Un savant belge, plongé dès l’enfance dans la statistique et le prévisionnel, nous affirme : même prolongée jusqu’à 70 ans la durée du temps de travail ne suffira pas à assurer aux retraités une pension décente. Pour cela, il faudrait 33.000 emplois supplémentaires par an.
L’illustre ne nous dit pas si en plus des 33.000 laborieux, il faudra que les loustics âgés travaillent quand même jusqu’à 70 balais ?
On est en plein délire.
Déjà qu’on ne crée plus d’emplois dans l’industrie, les embauches ne se font plus que dans les services. Cela signifie-t-il que nous allons vers une société dans laquelle les riches seront les maîtres dans l’acceptation ancienne, parce qu’ils seront les seuls à accroître leur domesticité ?
Beau progrès en perspective !
S’il n’est donné aux jeunes que cet avenir là, on comprend le manque d’enthousiasme pour notre démocratie bétonnée dans le conceptualisme financier.

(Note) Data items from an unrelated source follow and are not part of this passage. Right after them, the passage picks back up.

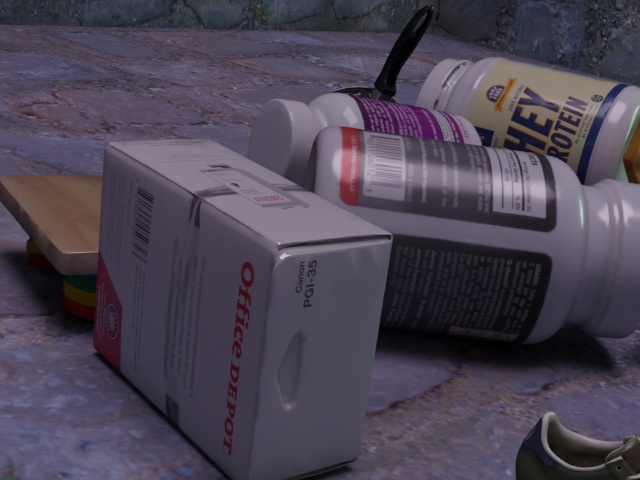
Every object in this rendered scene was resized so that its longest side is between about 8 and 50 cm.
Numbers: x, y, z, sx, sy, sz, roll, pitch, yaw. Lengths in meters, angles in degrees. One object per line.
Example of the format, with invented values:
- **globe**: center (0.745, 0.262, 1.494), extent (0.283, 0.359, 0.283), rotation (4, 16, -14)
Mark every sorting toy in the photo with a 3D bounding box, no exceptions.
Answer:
- **sorting toy**: center (-0.196, 0.007, 1.246), extent (0.255, 0.089, 0.257), rotation (-2, 20, -29)

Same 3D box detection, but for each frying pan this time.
- **frying pan**: center (0.085, -0.180, 1.685), extent (0.197, 0.326, 0.053), rotation (38, 21, -46)

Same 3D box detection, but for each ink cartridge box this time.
- **ink cartridge box**: center (-0.078, 0.049, 0.969), extent (0.117, 0.207, 0.283), rotation (-6, 23, -36)

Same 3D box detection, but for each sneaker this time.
- **sneaker**: center (0.236, 0.192, 0.869), extent (0.192, 0.086, 0.064), rotation (19, 20, 28)

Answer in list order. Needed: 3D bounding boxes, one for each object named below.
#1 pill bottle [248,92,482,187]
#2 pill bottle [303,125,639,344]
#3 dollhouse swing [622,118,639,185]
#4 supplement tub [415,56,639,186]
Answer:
- **pill bottle**: center (0.061, -0.112, 1.577), extent (0.301, 0.169, 0.169), rotation (6, 16, -31)
- **pill bottle**: center (0.161, 0.002, 1.238), extent (0.363, 0.210, 0.210), rotation (8, 17, -5)
- **dollhouse swing**: center (0.649, -0.126, 1.533), extent (0.305, 0.347, 0.315), rotation (18, 9, -36)
- **supplement tub**: center (0.323, -0.150, 1.759), extent (0.324, 0.235, 0.235), rotation (17, 19, 26)

Dans la confusion générale, il y a des petits malins qui gambergent « sur le produit ». Il ne s’agit plus de tout le bataclan considéré comme indispensable à notre conscience, de solidarité encore moins ; il ne s’agit que de faire du blé, du bon blé sur la connerie générale et voir si, dans les tendances actuelles, il n’y avait pas une faille par laquelle s’infiltrer pour se vautrer dans le beau pognon, immondice inodore dont nos grands prêtres célèbrent tous les jours le triomphe. C’est Reynders qui l’affirme, il n’y a pas de mal à gagner de l’argent. Plus on en gagne, plus on est un bon citoyen, consécration suprême de l’esprit civique…

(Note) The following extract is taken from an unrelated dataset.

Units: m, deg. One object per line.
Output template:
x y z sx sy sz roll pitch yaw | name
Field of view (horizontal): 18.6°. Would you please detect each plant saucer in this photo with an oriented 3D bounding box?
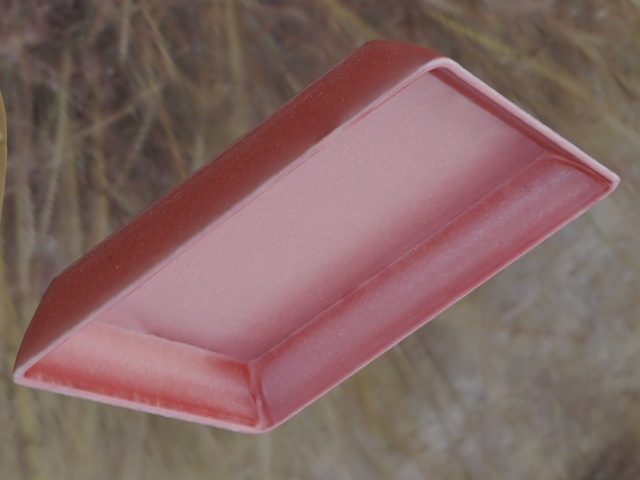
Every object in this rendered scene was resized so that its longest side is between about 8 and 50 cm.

Donc dans ce créneau-là, qu’est-ce qui se transmute en lingot, « s’alchimise » (1) en délicieux jaunets comme dirait le père Grandet ?... le culte du corps, pardi !
Plus personne n’a le droit de vieillir, c’est la devise qui monte. Tout le monde à la branlette devant son image !...

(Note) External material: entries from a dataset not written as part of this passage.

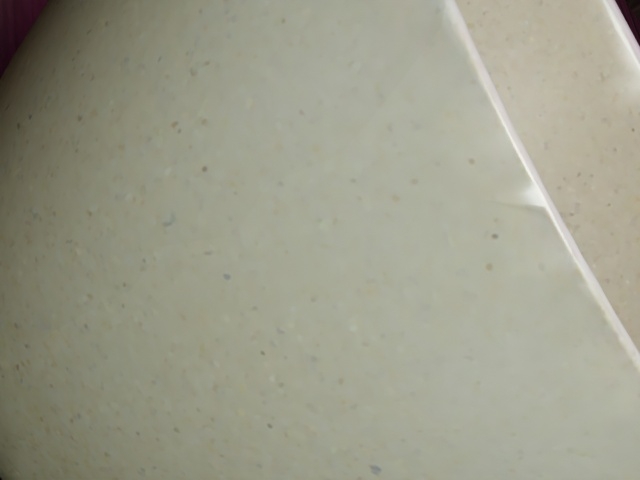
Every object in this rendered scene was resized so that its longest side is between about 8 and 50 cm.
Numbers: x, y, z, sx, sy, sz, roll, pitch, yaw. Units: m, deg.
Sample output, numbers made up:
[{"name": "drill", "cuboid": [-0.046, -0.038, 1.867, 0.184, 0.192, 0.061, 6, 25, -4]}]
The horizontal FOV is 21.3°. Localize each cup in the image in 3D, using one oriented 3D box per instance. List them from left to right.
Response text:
[{"name": "cup", "cuboid": [0.000, 0.000, 0.624, 0.331, 0.237, 0.331, 52, 22, -32]}]

Pas du fait qu’on a la trouille de devoir bosser jusqu’à 70 ans pour faire plaisir à la statistique, mais pour soi-même, parce qu’obscurément mourir devient indécent, pas porteur, indélicat, un mot résumant les autres : incongru ! On ne vieillit plus, on se « jeunessifie » (1)…
Cette nouvelle prise de fric par l’industrie du cosmétique, de la diététique et de la chirurgie se manifeste de mille façons, en montrant du doigt les « gros » qui mourront avant l’âge ce qui terrorisent ceux qui grossissent, plongent les deux sexes dans les officines à maigrir, massage, thanato du bide et botoxage généralisé et finit par complexer les gens naturellement enrobés, exclut les personnes âgées, montrent du doigt les fumeurs et écartent de la vue du public « sain » les trop ridés, les monstres et les infirmes.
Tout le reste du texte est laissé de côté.